Fluorinated compounds are also used in textile treatments; some are soil-release agents that make fabric easy to wash. The salt sodium fluoroacetate is an extremely powerful rodenticide; it has been reported to give good control of rats, but it must be used with great care. Sodium bifluoride is used as a laundry sour; it also removes iron stains without weakening the fabric.

A minor but important use of fluorine in some countries is in the fluoridation of drinking water in the interest of dental health.

Bromine

The properties of bromine are significantly different from those of fluorine and chlorine, and it is far less abundant. Discovered in the early 19th century, in the form of its salts (bromides) in the bitterns remaining after evaporating seawater and extracting the sodium chloride, it was obtained later from Stassfurt, Germany, as a by-product in the production of potassium salts and from other salt deposits and salt lakes. Its main use was originally for bromides in medicine, still a minor use. Bromine first became of industrial importance with the development of the modern photographic process, in which the light-sensitive material is an emulsion of minute particles of silver bromide (together with silver chloride, or iodide, or both) in gelatin.
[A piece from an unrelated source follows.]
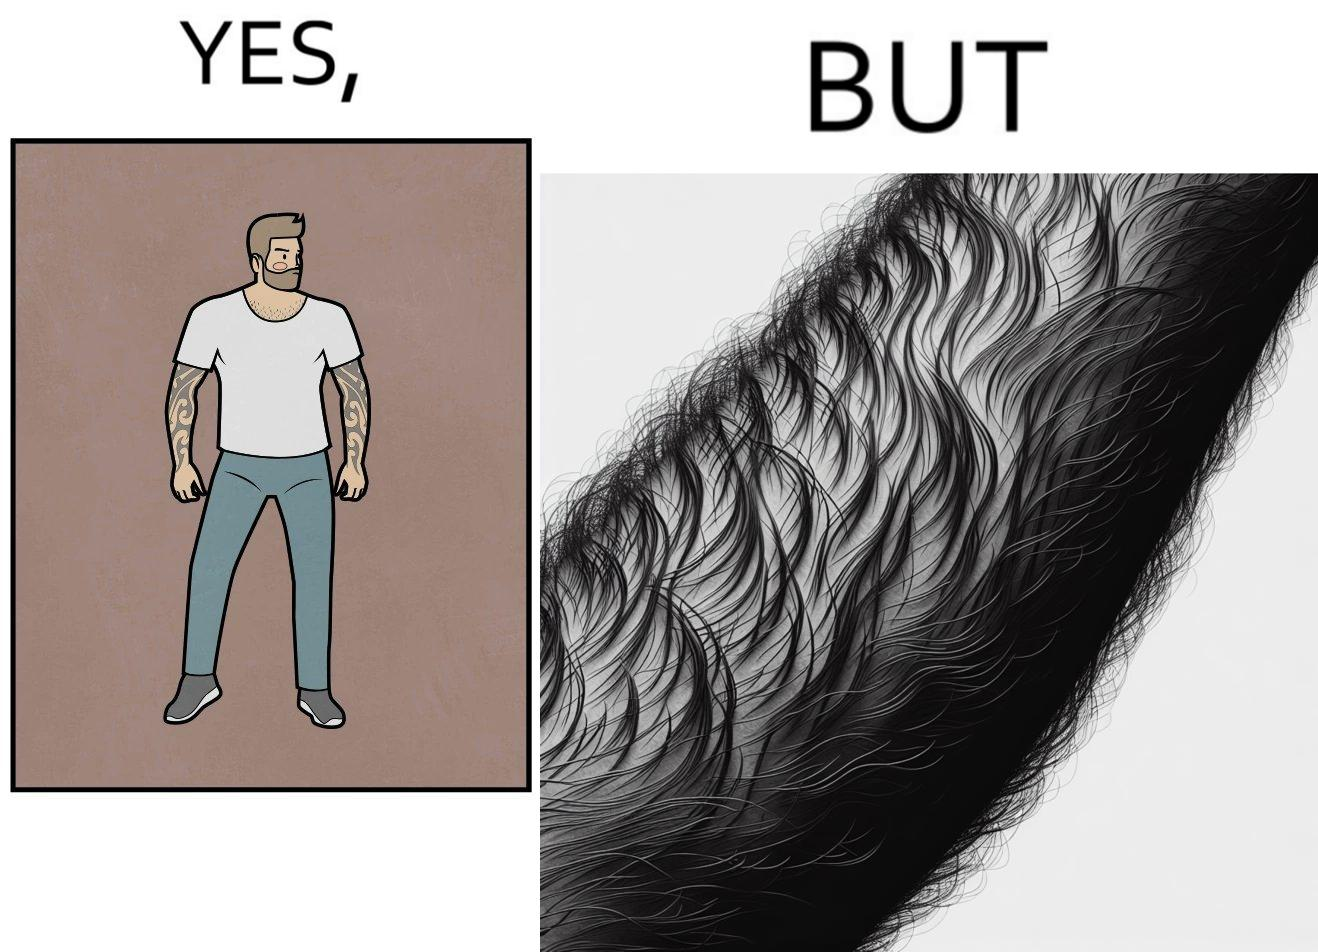Would you classify this image as satirical? Yes, this image is satirical.

Tetraethyllead was another of Thomas Midgley’s discoveries in the 1920s. Long the only effective agent in preventing “knock” in gasoline engines, tetraethyllead is now supplemented by tetramethyl lead, a similar compound. Although the knock problem was solved, a method was needed to get all traces of lead out of the engine cylinder. This removal was achieved by the addition of small quantities of a scavenger, ethylene dibromide, often in a mixture with ethylene dichloride.

For a time the expanding world automobile industry threatened a scarcity of bromine, obtained from brines from the Great Lakes region and Searles Lake in the United States, and from the Dead Sea, which contains about 0.5 percent bromine. To meet the demand it was necessary to turn to seawater, which contains about 70 parts per million bromine.

To produce bromine from seawater, very large volumes of water must be processed. A preferable site for the operation is a neck of land projecting into the ocean so that water can be taken from one side and discharged to the other, avoiding the problem of processing the same water. The water is made acid with a little sulfuric acid and then treated with chlorine, which releases bromine from the bromides.

A current of air removes the bromine as a very dilute mixture of bromine with air. The bromine is absorbed in sodium carbonate, after which treatment with sulfuric acid releases the bromine again in a much more concentrated form.

By far the greater part of the bromine produced is converted to ethylene dibromide by treatment with ethylene. Most of the ethylene dibromide is used in gasoline as a scavenger for lead; but it is also used as a fumigant, as a solvent for certain gums, and for further syntheses. The next most important bromine compound is methyl bromide, which is used as a fumigant, sometimes as a fire extinguisher, and for further syntheses.

Iodine

Iodine enters the chemical industry on a smaller scale. The largest producer is Japan, where iodine is obtained from seaweed. Seawater contains only about 0.05 part per million iodine, but some species of seaweed are able to concentrate this iodine manyfold, so that commercial extraction of the iodine is possible.

The most important industrial use of iodine compounds is the small amount of silver iodide used with silver bromide in photography. Iodine is important also in medicine (although this is not a large-scale use) in the treatment of certain thyroid conditions, and it is added to common table salt to prevent such conditions. It is also used directly as a disinfectant. Iodine is a component of a few useful dyes. The laboratory chemist frequently makes use of iodine or iodine compounds in synthesis and also in analysis. Crystalline silver iodide is useful in cloud seeding.